O magnetismo que aquela obra exerceu sobre ela fez com que se abstraísse de tudo o que a rodeava. Os seus olhos estavam presos nos pormenores da pintura. Qual teria sido a intenção do artista ao conceber aquela cena? Porque é representara o homem com linhas rectas enquanto a mulher está coberta por figuras geométricas circulares? Aquele “Beijo" terá sido consentido ou não? Afinal o homem pega no rosto da mulher e agarra-a de uma maneira que transmite a sensação de domínio. A expressão que Klimt atribuí à mulher é enigmática. Será que gosta do beijo ou nem por isso? E os pés? Estão numa posição estranha, dão a impressão de crispação.

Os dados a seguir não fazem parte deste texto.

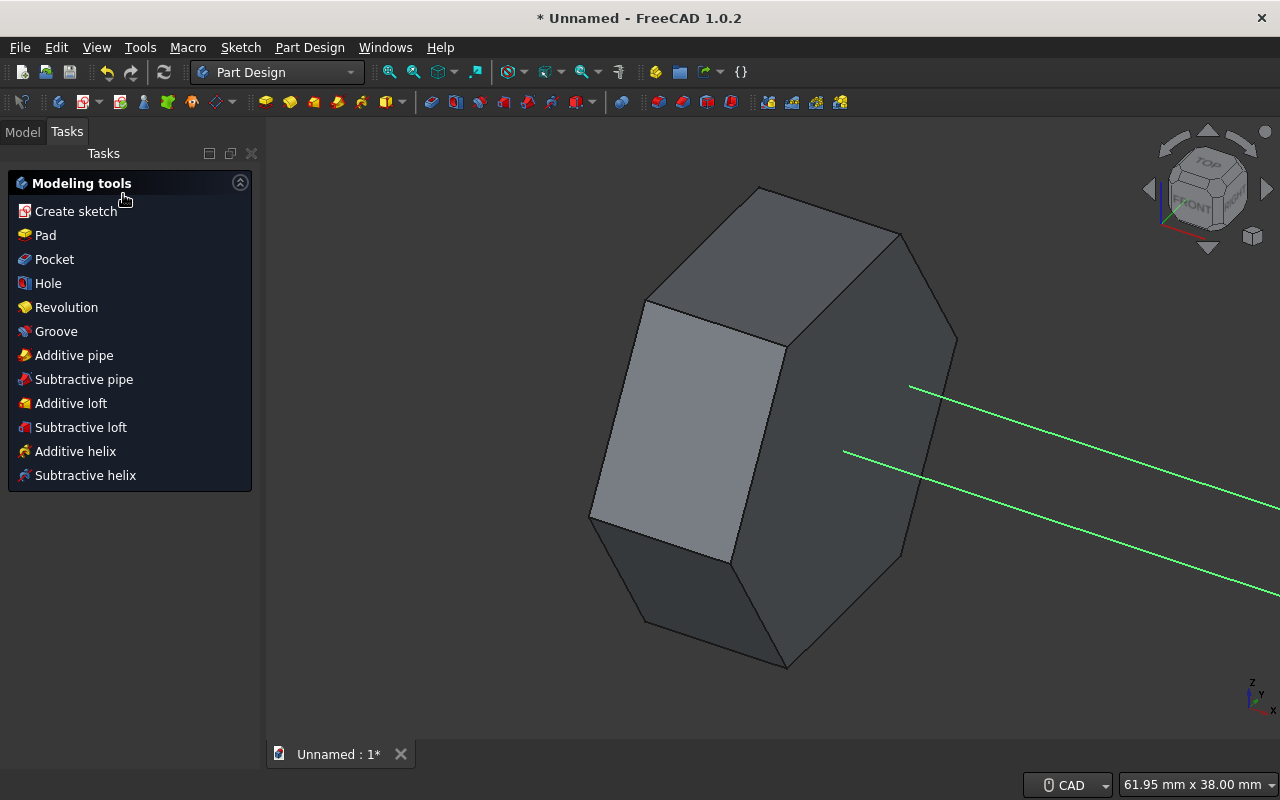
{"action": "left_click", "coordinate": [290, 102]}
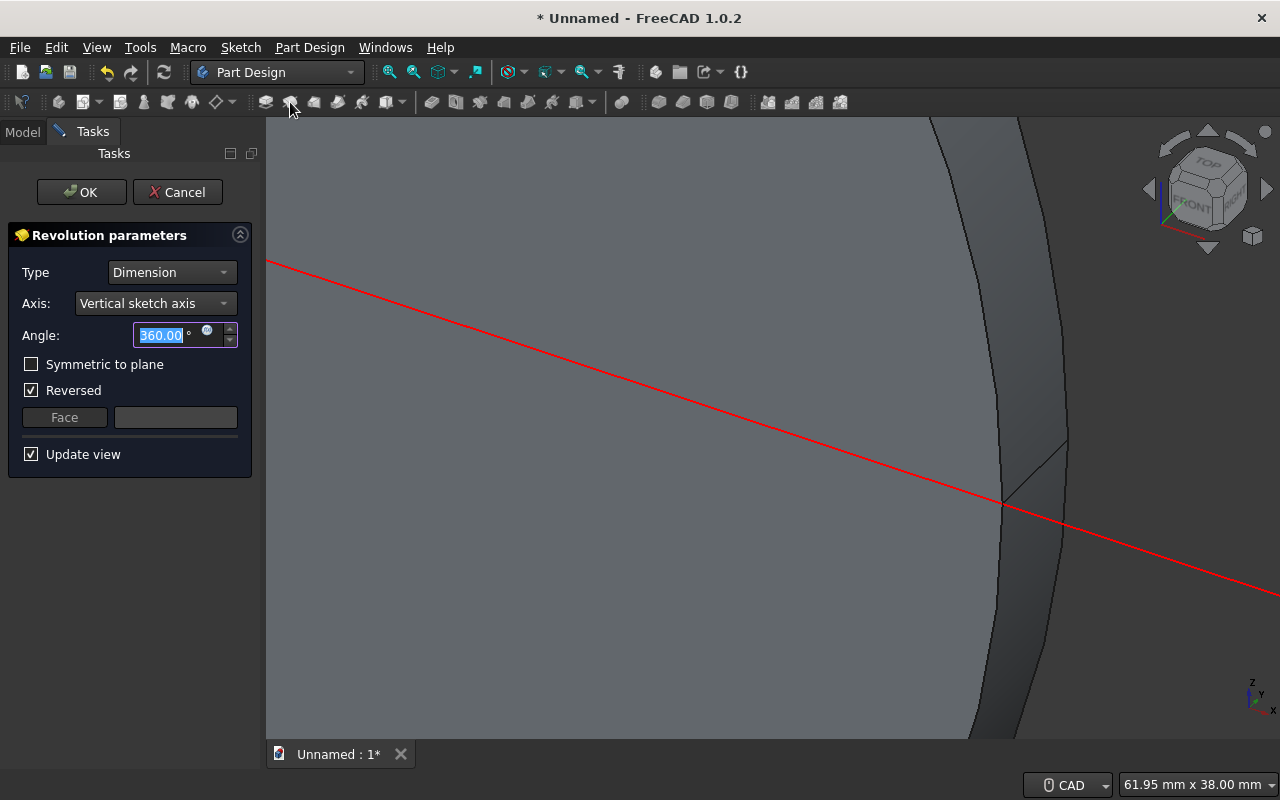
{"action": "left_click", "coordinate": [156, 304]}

- A beleza da arte é que cada pessoa lhe pode dar o seu próprio significado.

Emília sobressaltou-se. A seu lado, estava homem muito atraente que lhe sorria. Emília imaginou-se a ser beijada por aquele homem como a protagonista do quadro de Klimt e pensou que devia ser muito agradável. Sem perceber de onde saíra aquela ideia despropositada, corou enquanto dizia:

- Como?

- Desculpe mas não pude deixar de ouvir aquilo que “conversava" com este quadro.

Não percebia o que lhe dizia aquele homem. Será que tinha pensado em voz alta outra vez?

- Lamento se perturbei o seu sossego. Tenho o hábito de pensar alto. Já me tem trazido alguns dissabores.

- De modo nenhum. Até achei graça. Quer acompanhar-me pelo resto do Museu? Estou sozinho e gosto de discutir o que vejo com outras pessoas.

Emília pensou: “ E porque não? Não tenho nada a perder.”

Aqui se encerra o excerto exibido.